Podcast
In the theatrical research project Inventory of Powerlessness (2013-16) hundreds of inhabitants of five European cities: Amsterdam, Poznan, Berlin, Prague and Athens bundled their lived knowledges about powerlessness. A wide array of individual situations was articulated and brought into relation with each other by the participants, prompting questions about the structures – physical, social, political, economic – which constitute or give context to their lives. The project aimed to create time, focus and a brave space for collective study by people with a broad range of backgrounds and experiences, who might otherwise never meet. Ensuring that it also remains a safe space presented different challenges during the process than at the moments of encountering an audience.
Why does the (often too) safe space of theatre feel unsafe for many of us? What can be learned from the experiences of the Inventory about entanglement and unfixing positions? How could moving beyond control allow for braver spaces in the field, which, though more unsettling, may also be more welcoming?
Part of Episode XIX: “Safe vs. Brave? Art Between Sanctuary and Confrontation”
With Miriam Ibrahim, Edit Kaldor und Ingo Niermann / Army of Love & Florian Malzacher
7. October 2022 – Theater Neumarkt, Zurich / Switzerland
Biography
Theatre maker Edit Kaldor is a unique voice in the contemporary performing arts landscape. She collaborates mostly with people from outside of the arts, often over extended periods of time and across various projects, creating works that address seemingly unspeakable experiences, like extreme isolation, statelessness, abuse or the dying process. Her performances, which stretch considerably the boundaries of theatrical conventions, have been presented widely in Europe, the Americas, Asia and North Africa. She tends to integrate in her work digital media and interfaces, focusing on the theatrical possibilities in the daily use of technology. Born in Budapest, Kaldor immigrated as a child to the United States, where she lived for ten years before moving back to Europe and eventually settling in Amsterdam. In the past years she has taught and lectured at (performing) art academies across Europe.

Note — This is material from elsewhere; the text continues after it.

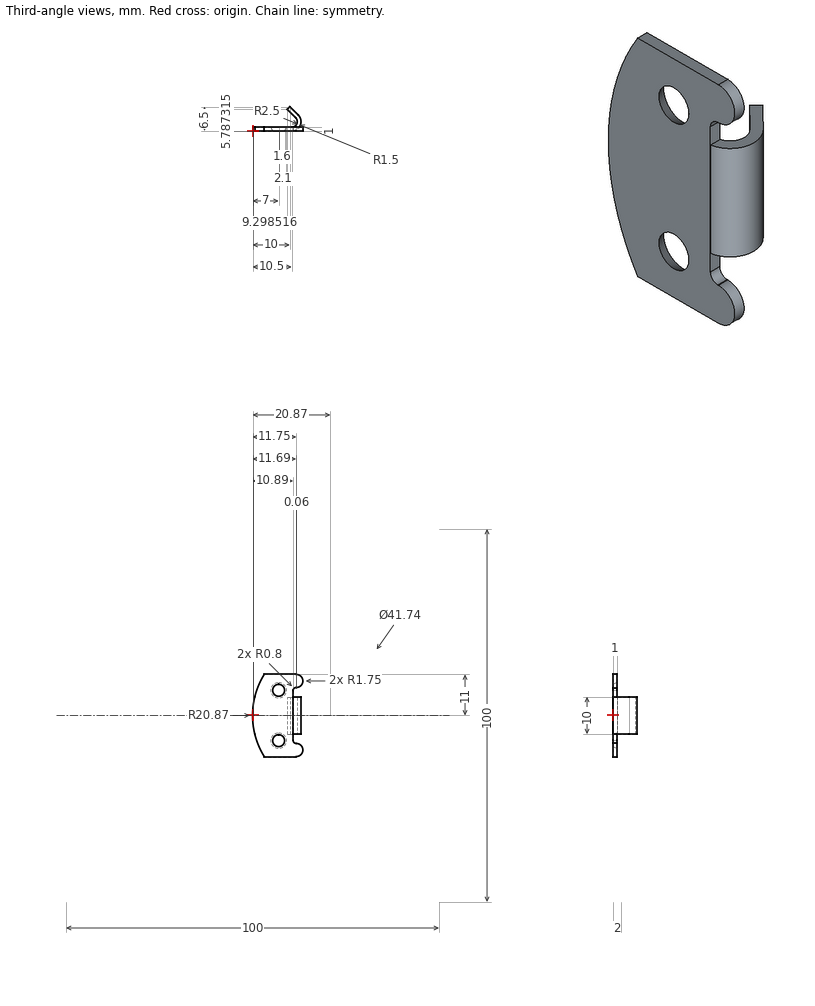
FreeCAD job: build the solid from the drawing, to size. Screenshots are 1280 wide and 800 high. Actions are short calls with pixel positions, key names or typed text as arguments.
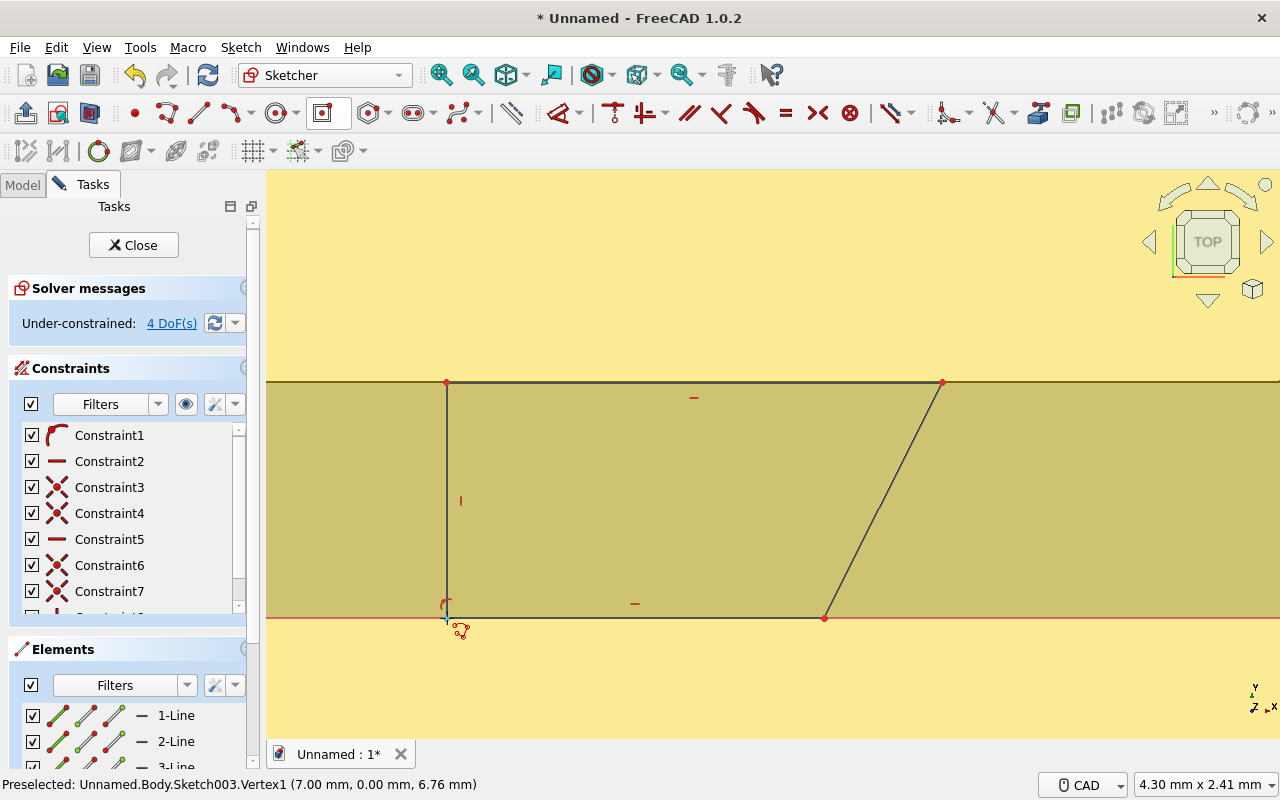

She is currently completing her artistic PhD in the context of the Norwegian Artistic Fellowship Programme, and together with Joe Kelleher co-editing the book Theatres of Powerlessness – Acts of Knowledge and the Performance of the Many, to be published by Bloomsbury / Methuen in 2023. From next year she will work as artistic director of the new Master’s Programme in Performing Arts as Social and Critical Practices at the Malmo Theatre Academy at Lund University in Sweden.